Every line below needs to be printed again exactly, without any of its pictures.

(Source data)
^^^^

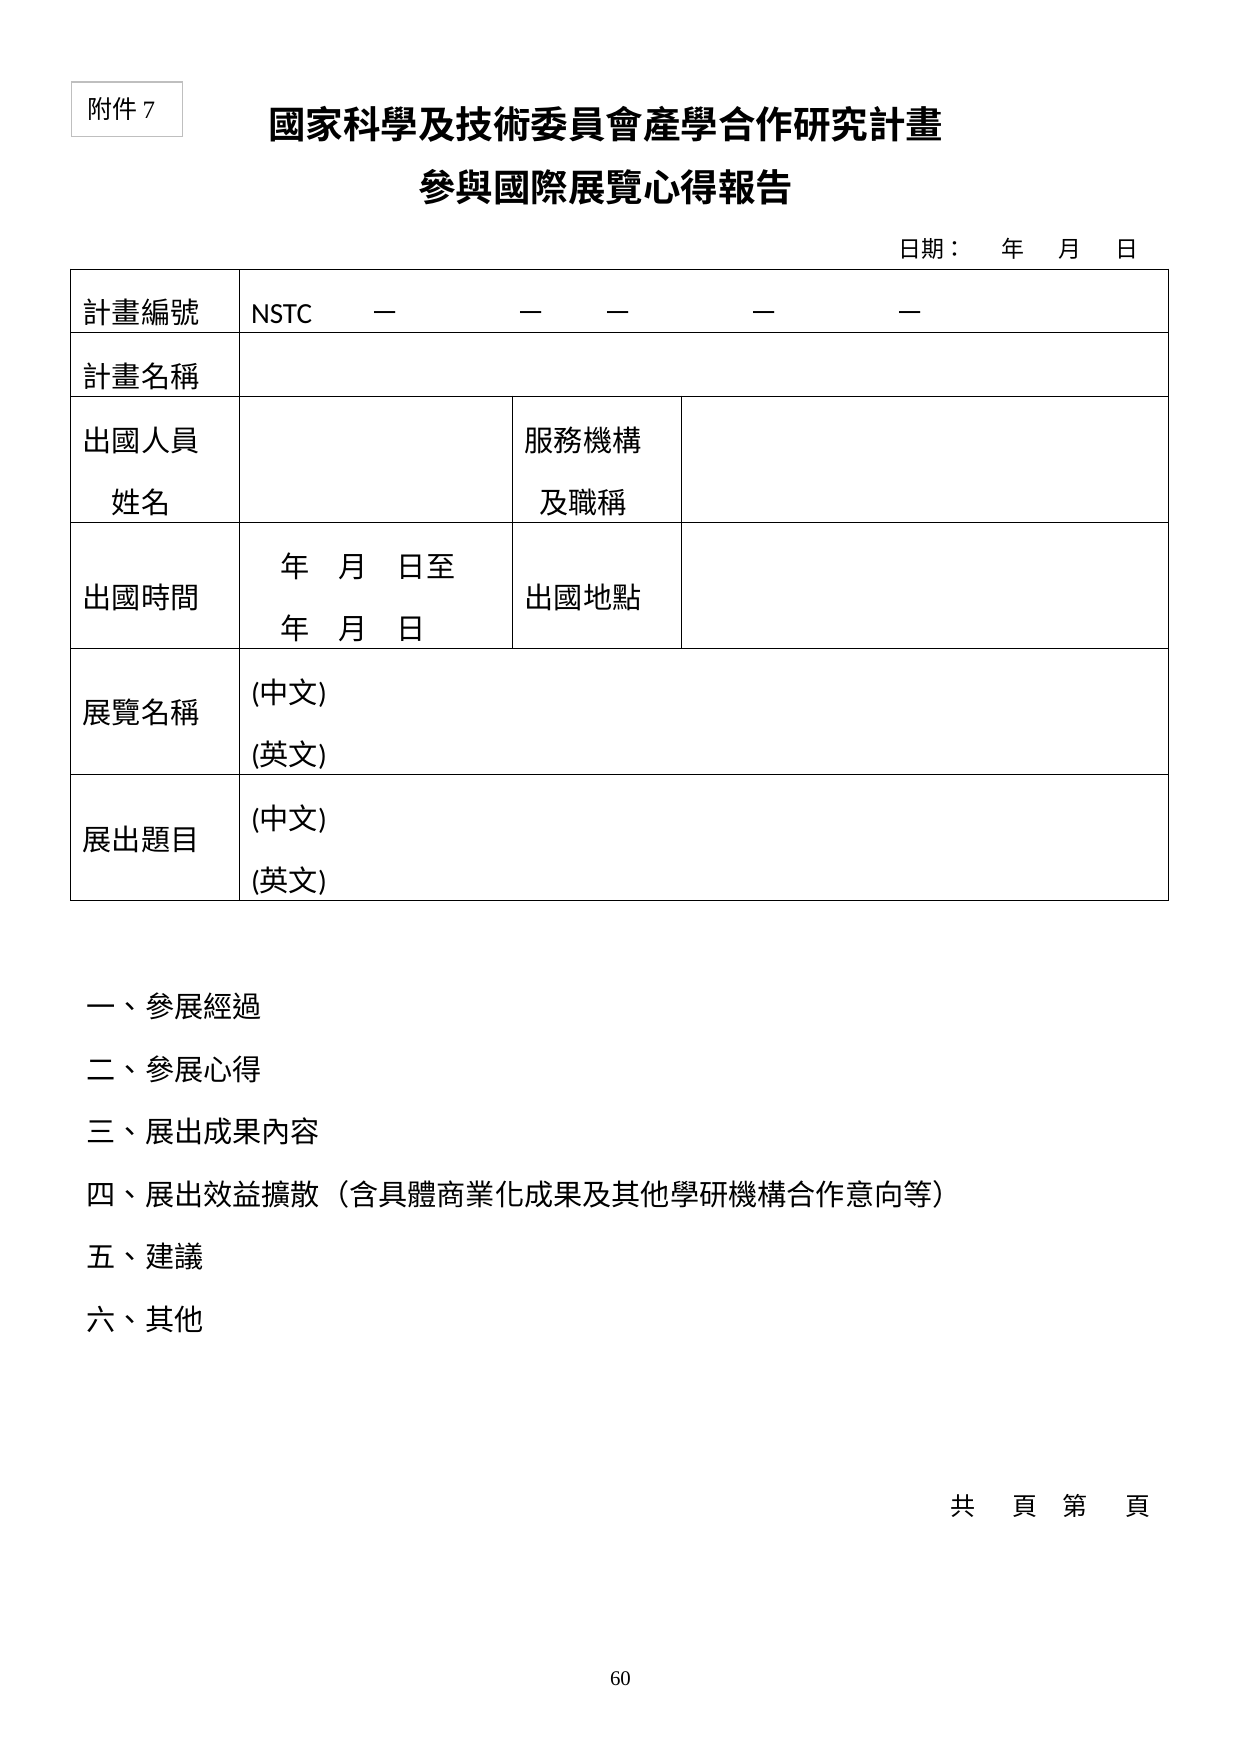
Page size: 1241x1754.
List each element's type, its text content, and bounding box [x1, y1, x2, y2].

text 二、參展心得 [86, 1026, 1140, 1088]
table_cell 出國人員姓名 [71, 397, 239, 522]
table_cell 計畫名稱 [71, 333, 239, 396]
text 國家科學及技術委員會產學合作研究計畫 [71, 81, 1140, 143]
table_cell 出國地點 [513, 523, 681, 648]
text 共 頁 第 頁 [71, 1463, 1169, 1526]
table_cell [240, 333, 1168, 396]
text 四、展出效益擴散（含具體商業化成果及其他學研機構合作意向等） [86, 1151, 1140, 1213]
table_cell (中文) (英文) [240, 775, 1168, 900]
text 參與國際展覽心得報告 [71, 143, 1140, 206]
table_cell 展出題目 [71, 775, 239, 900]
table_cell [240, 397, 512, 522]
table_cell [682, 397, 1168, 522]
text 六、其他 [86, 1276, 1140, 1338]
text 日期： 年 月 日 [71, 206, 1140, 268]
table_cell 服務機構及職稱 [513, 397, 681, 522]
text 五、建議 [86, 1213, 1140, 1276]
table_cell [682, 523, 1168, 648]
text 一、參展經過 [86, 963, 1140, 1026]
text 附件7 [87, 90, 167, 126]
table_header NSTC － － － － － [240, 270, 1168, 332]
table_cell 出國時間 [71, 523, 239, 648]
text 三、展出成果內容 [86, 1088, 1140, 1151]
table_cell 年 月 日至 年 月 日 [240, 523, 512, 648]
table_cell (中文) (英文) [240, 649, 1168, 774]
table_header 計畫編號 [71, 270, 239, 332]
table_cell 展覽名稱 [71, 649, 239, 774]
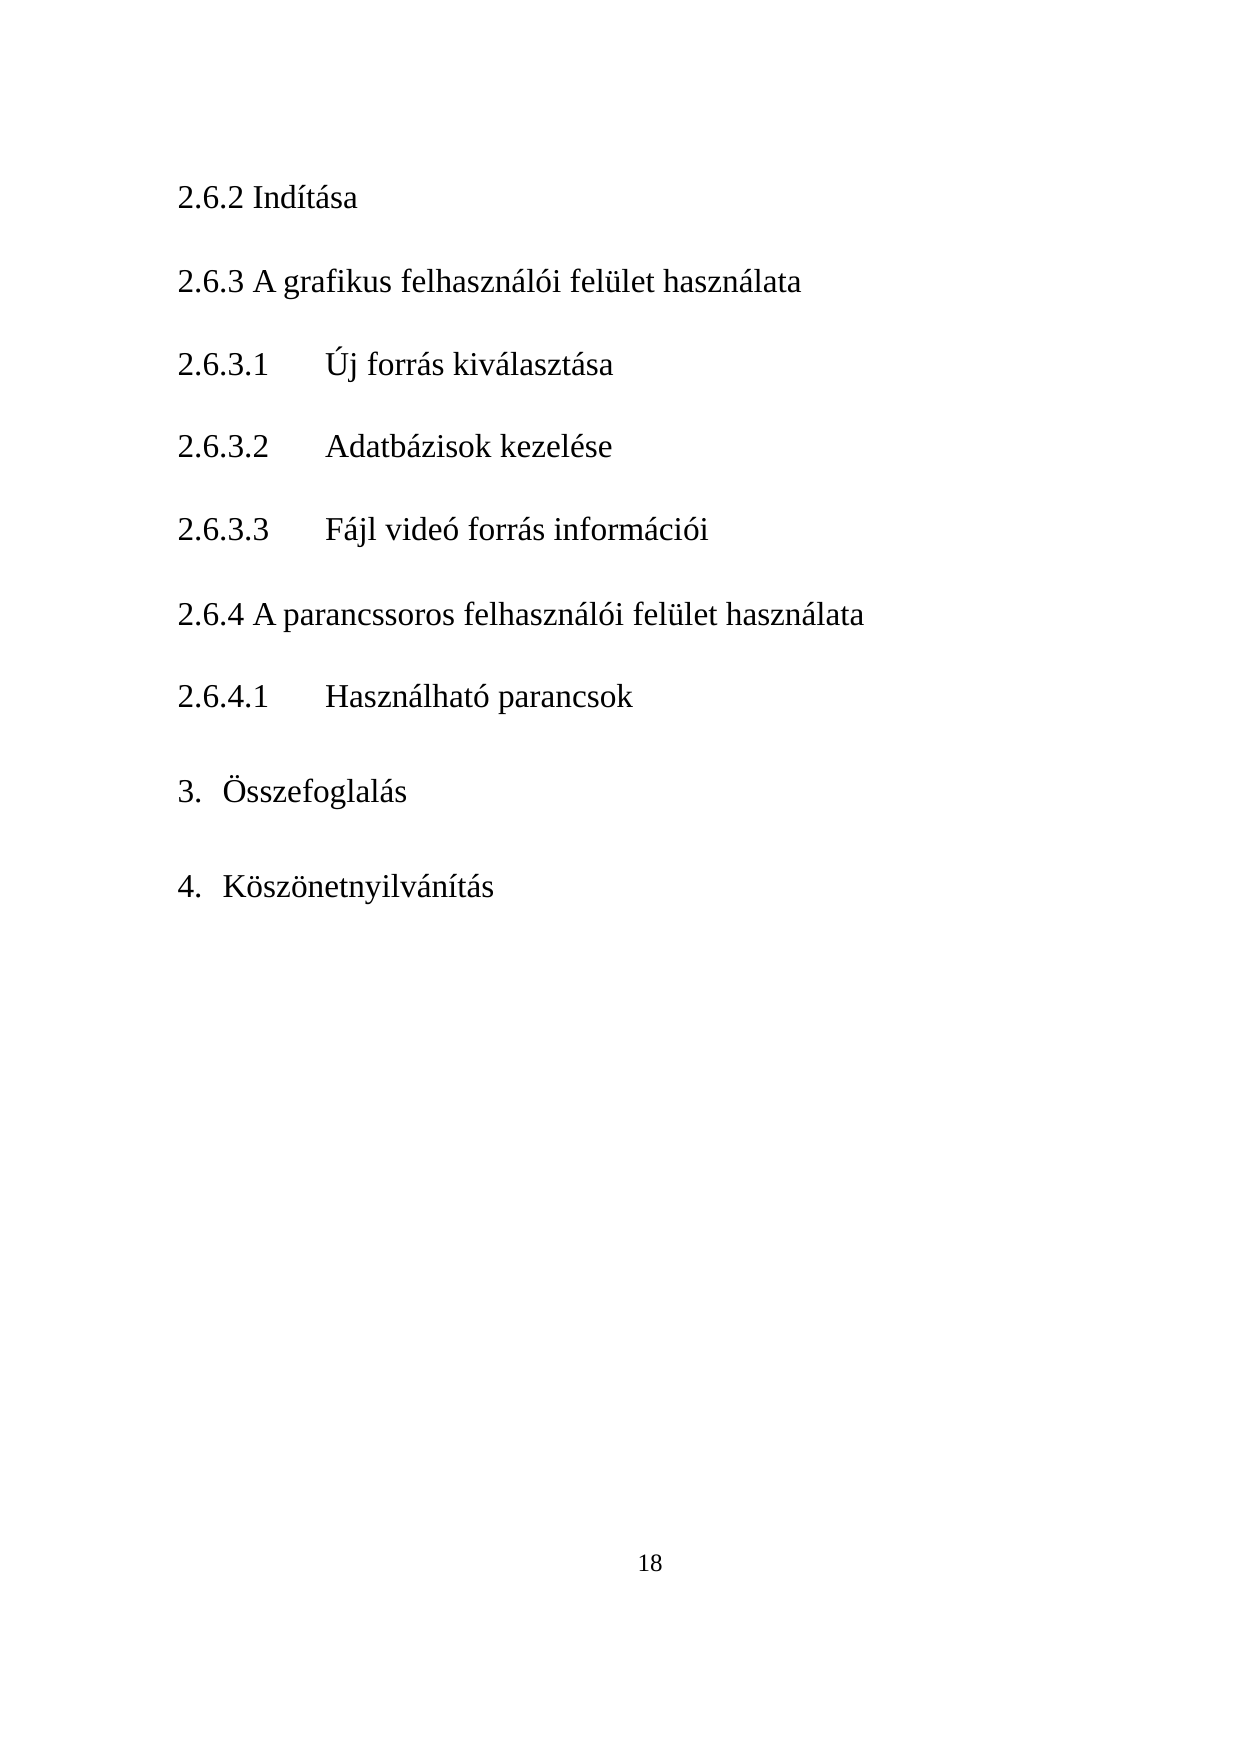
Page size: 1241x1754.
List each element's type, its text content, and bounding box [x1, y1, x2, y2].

subtitle Fájl videó forrás információi [177, 509, 1122, 548]
subtitle Adatbázisok kezelése [177, 427, 1122, 465]
subtitle A parancssoros felhasználói felület használata [177, 594, 1122, 632]
subtitle Indítása [177, 177, 1122, 216]
subtitle Új forrás kiválasztása [177, 344, 1122, 383]
subtitle A grafikus felhasználói felület használata [177, 262, 1122, 300]
subtitle Köszönetnyilvánítás [177, 866, 1122, 905]
subtitle Összefoglalás [177, 771, 1122, 810]
subtitle Használható parancsok [177, 676, 1122, 715]

^^^^

* WORKED SOLUTION *
Page size: 1241x1754.
List each element's type, its text content, and bounding box [x1, y1, x2, y2].

text 二、參展心得 [86, 1026, 1140, 1088]
table_cell 出國人員姓名 [71, 397, 239, 522]
table_cell 計畫名稱 [71, 333, 239, 396]
text 國家科學及技術委員會產學合作研究計畫 [71, 81, 1140, 143]
table_cell 出國地點 [513, 523, 681, 648]
text 共 頁 第 頁 [71, 1463, 1169, 1526]
table_cell [240, 333, 1168, 396]
text 四、展出效益擴散（含具體商業化成果及其他學研機構合作意向等） [86, 1151, 1140, 1213]
table_cell (中文) (英文) [240, 775, 1168, 900]
text 參與國際展覽心得報告 [71, 143, 1140, 206]
table_cell 展出題目 [71, 775, 239, 900]
table_cell [240, 397, 512, 522]
table_cell [682, 397, 1168, 522]
text 六、其他 [86, 1276, 1140, 1338]
text 日期： 年 月 日 [71, 206, 1140, 268]
table_cell 服務機構及職稱 [513, 397, 681, 522]
text 五、建議 [86, 1213, 1140, 1276]
table_cell [682, 523, 1168, 648]
text 一、參展經過 [86, 963, 1140, 1026]
text 附件7 [87, 90, 167, 126]
table_header NSTC － － － － － [240, 270, 1168, 332]
table_cell 出國時間 [71, 523, 239, 648]
text 三、展出成果內容 [86, 1088, 1140, 1151]
table_cell 年 月 日至 年 月 日 [240, 523, 512, 648]
table_cell (中文) (英文) [240, 649, 1168, 774]
table_header 計畫編號 [71, 270, 239, 332]
table_cell 展覽名稱 [71, 649, 239, 774]
Page size: 1241x1754.
List each element's type, its text content, and bounding box [x1, y1, x2, y2].

subtitle Fájl videó forrás információi [177, 509, 1122, 548]
subtitle Adatbázisok kezelése [177, 427, 1122, 465]
subtitle A parancssoros felhasználói felület használata [177, 594, 1122, 632]
subtitle Indítása [177, 177, 1122, 216]
subtitle Új forrás kiválasztása [177, 344, 1122, 383]
subtitle A grafikus felhasználói felület használata [177, 262, 1122, 300]
subtitle Köszönetnyilvánítás [177, 866, 1122, 905]
subtitle Összefoglalás [177, 771, 1122, 810]
subtitle Használható parancsok [177, 676, 1122, 715]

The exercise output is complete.